ABOUT THIS EXERCISE:
The answer must give back every line of the data exactly, with no pictures.

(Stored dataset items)
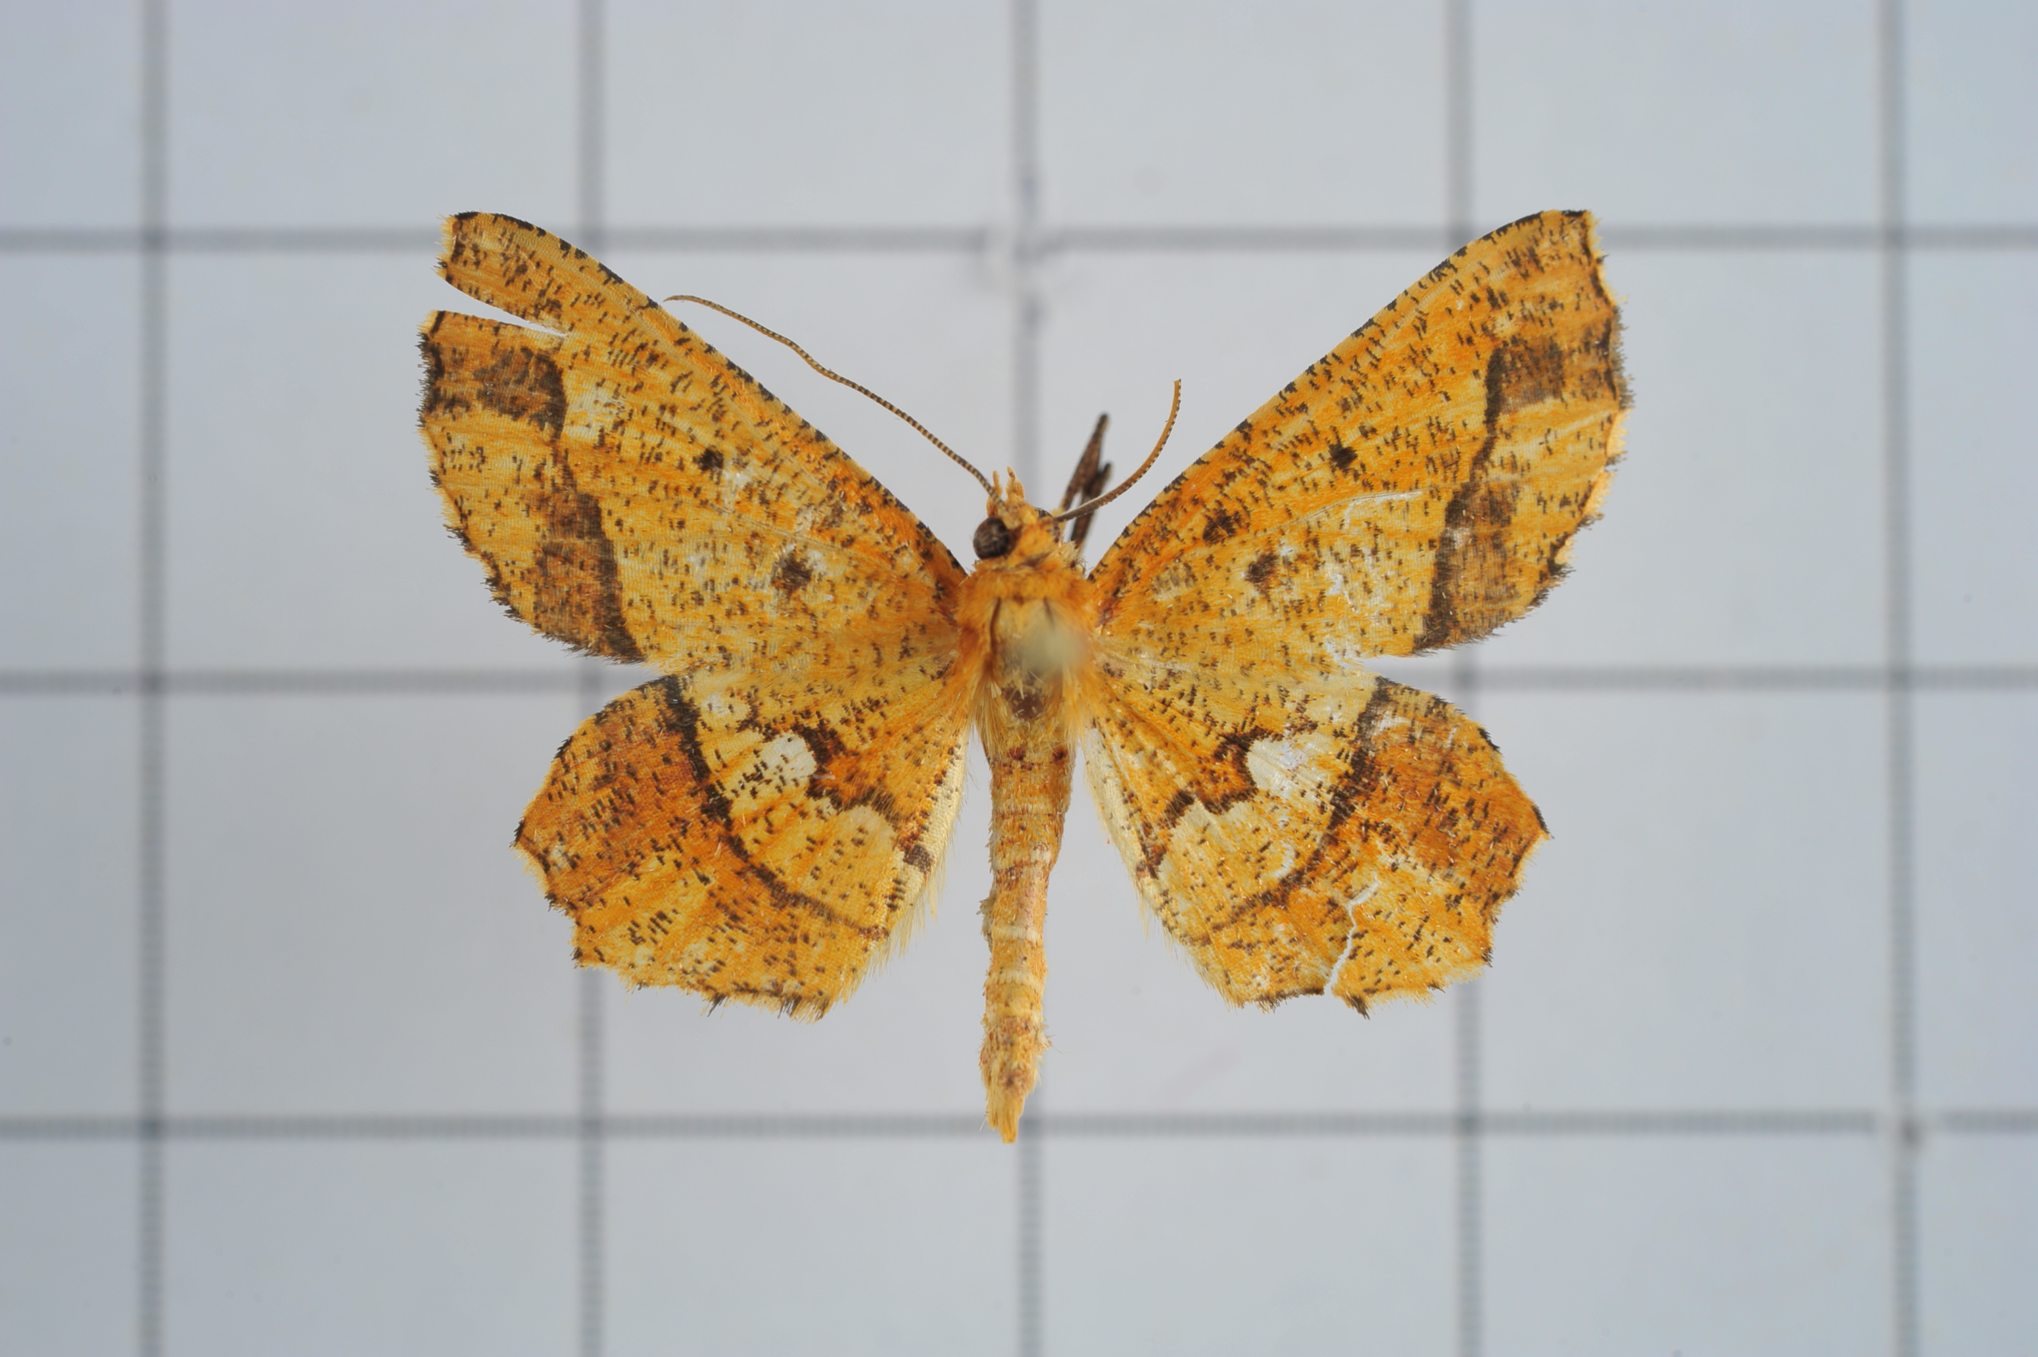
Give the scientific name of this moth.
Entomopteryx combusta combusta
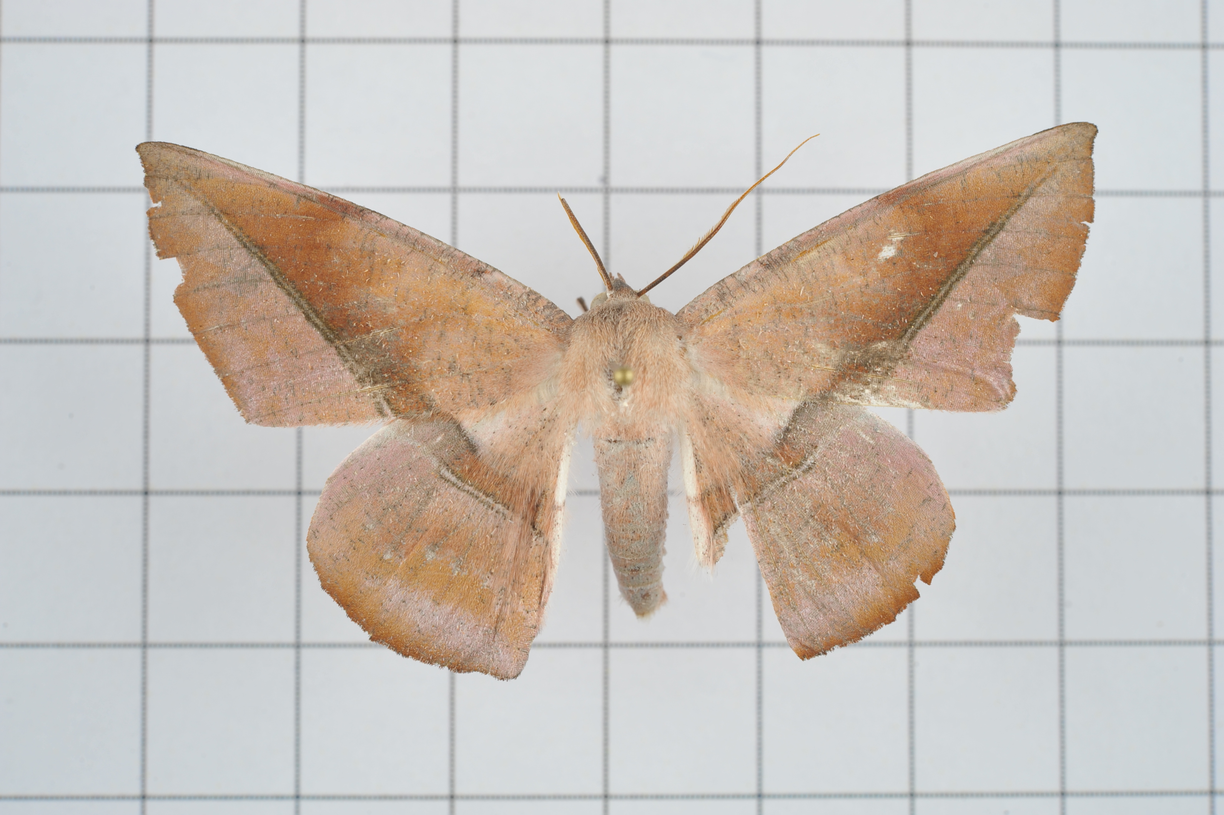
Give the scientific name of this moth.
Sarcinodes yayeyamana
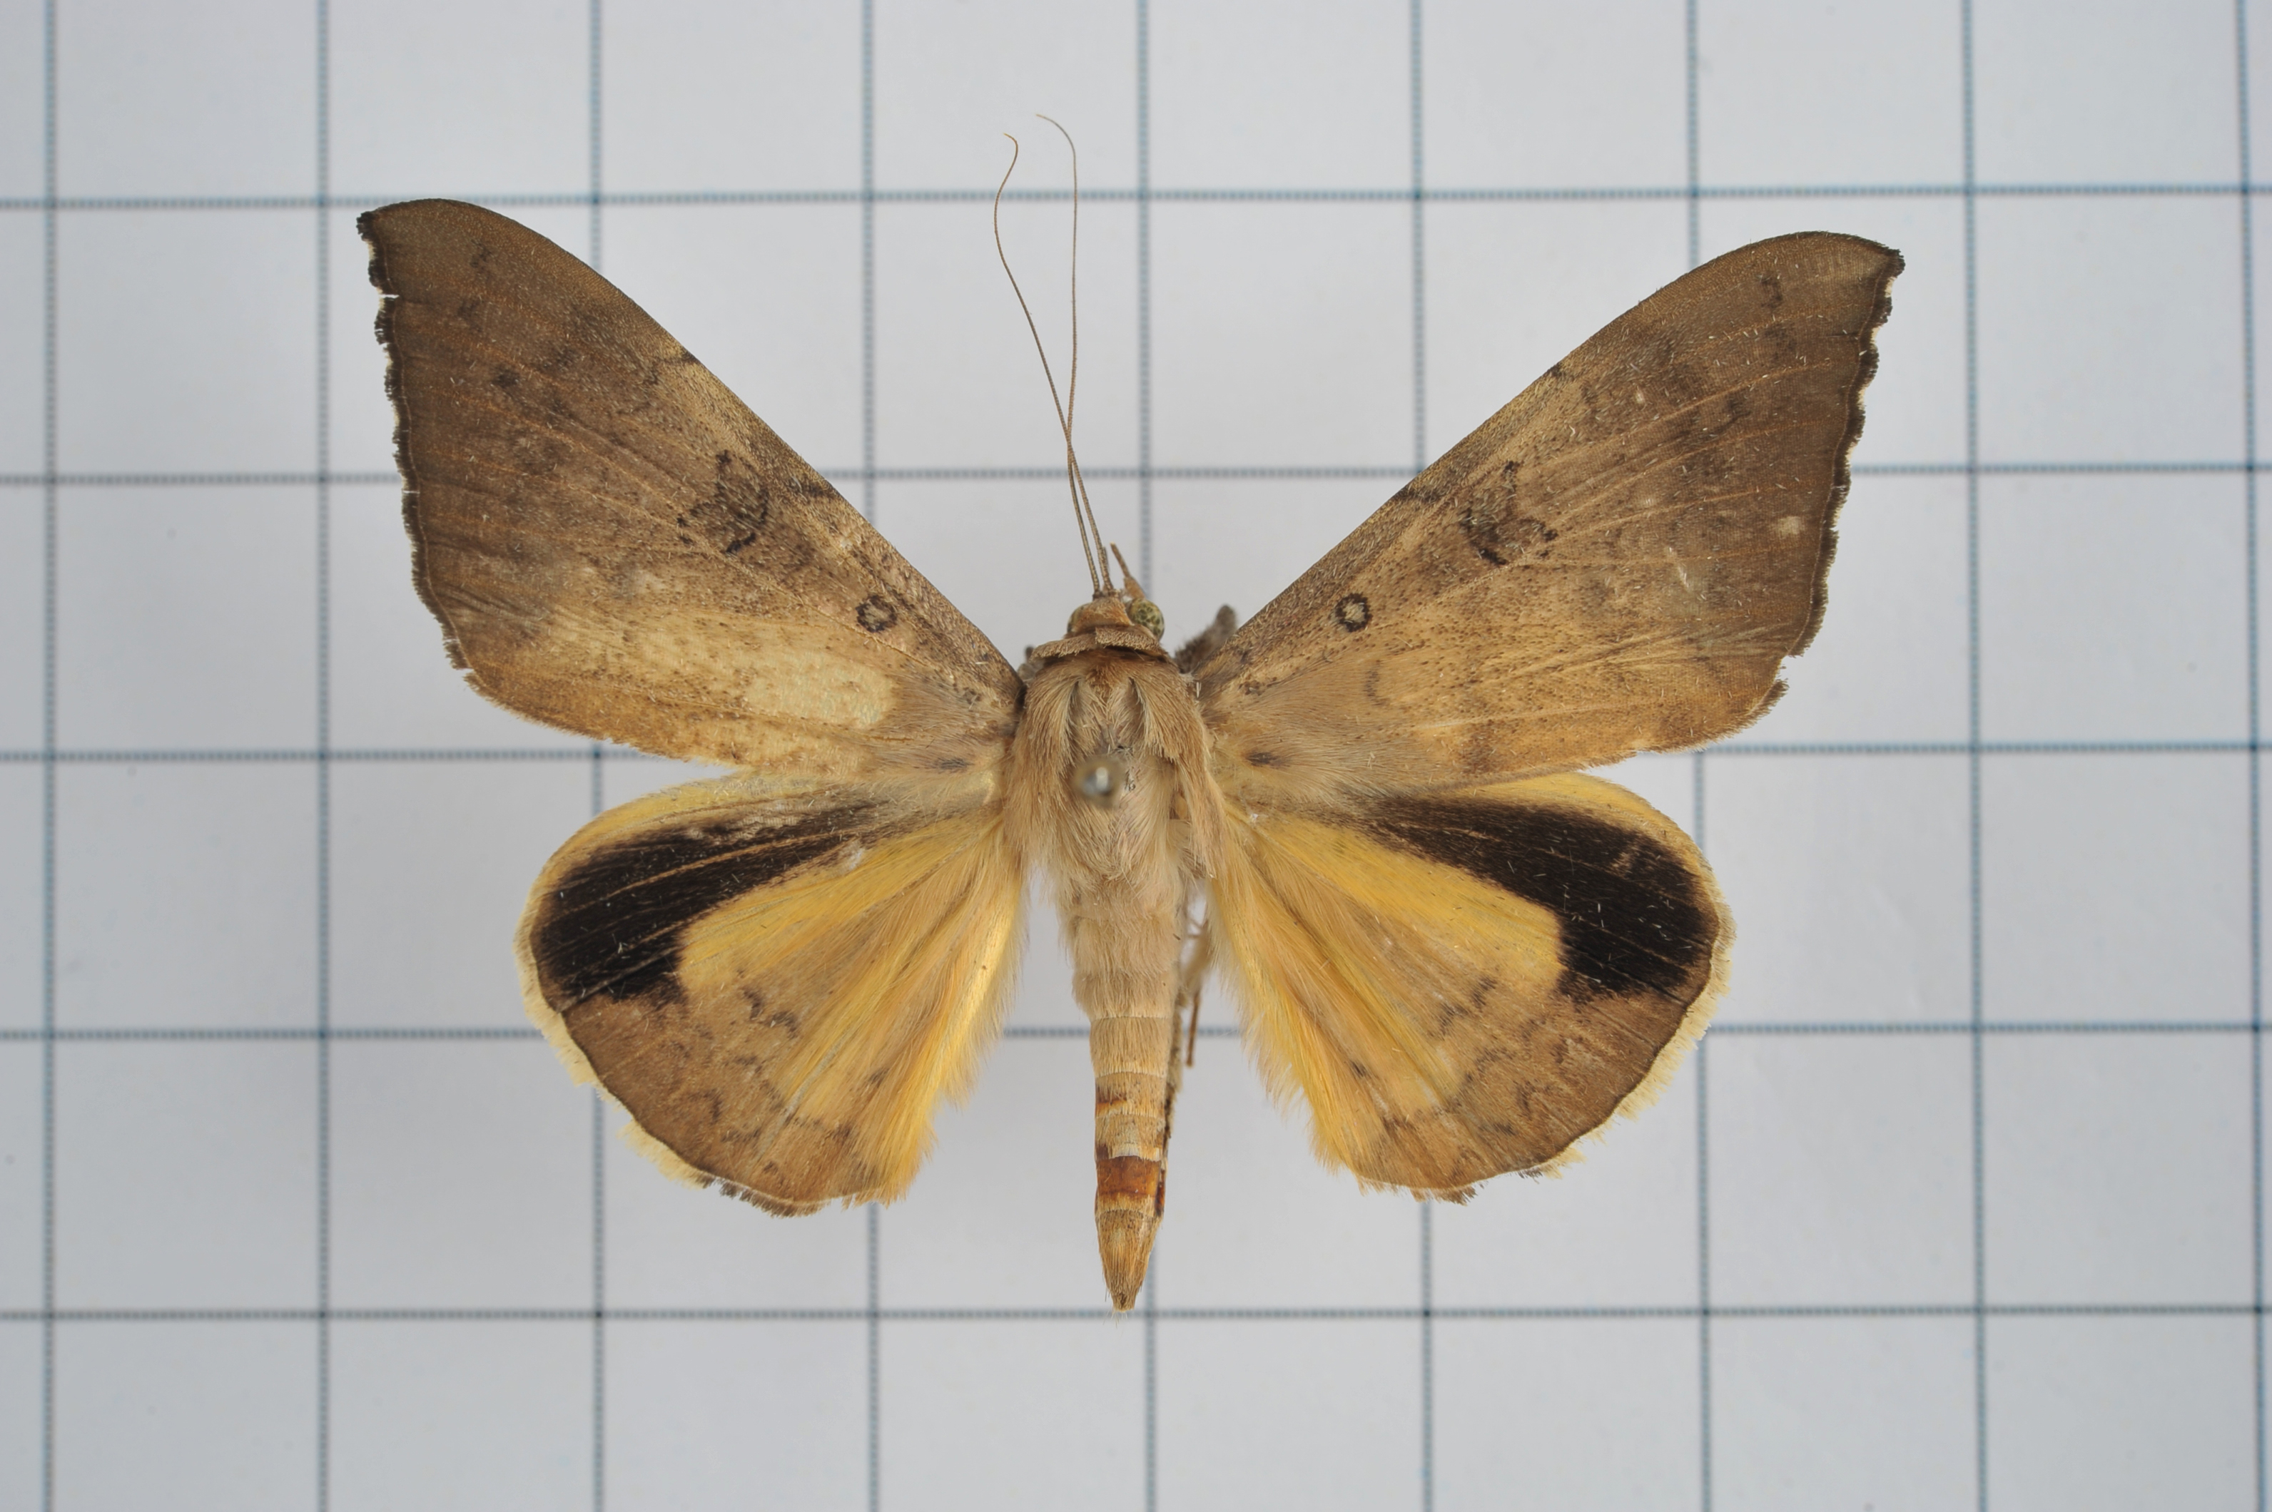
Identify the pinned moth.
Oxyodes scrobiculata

ANSWER SECTION:
Give the scientific name of this moth.
Entomopteryx combusta combusta
Give the scientific name of this moth.
Sarcinodes yayeyamana
Identify the pinned moth.
Oxyodes scrobiculata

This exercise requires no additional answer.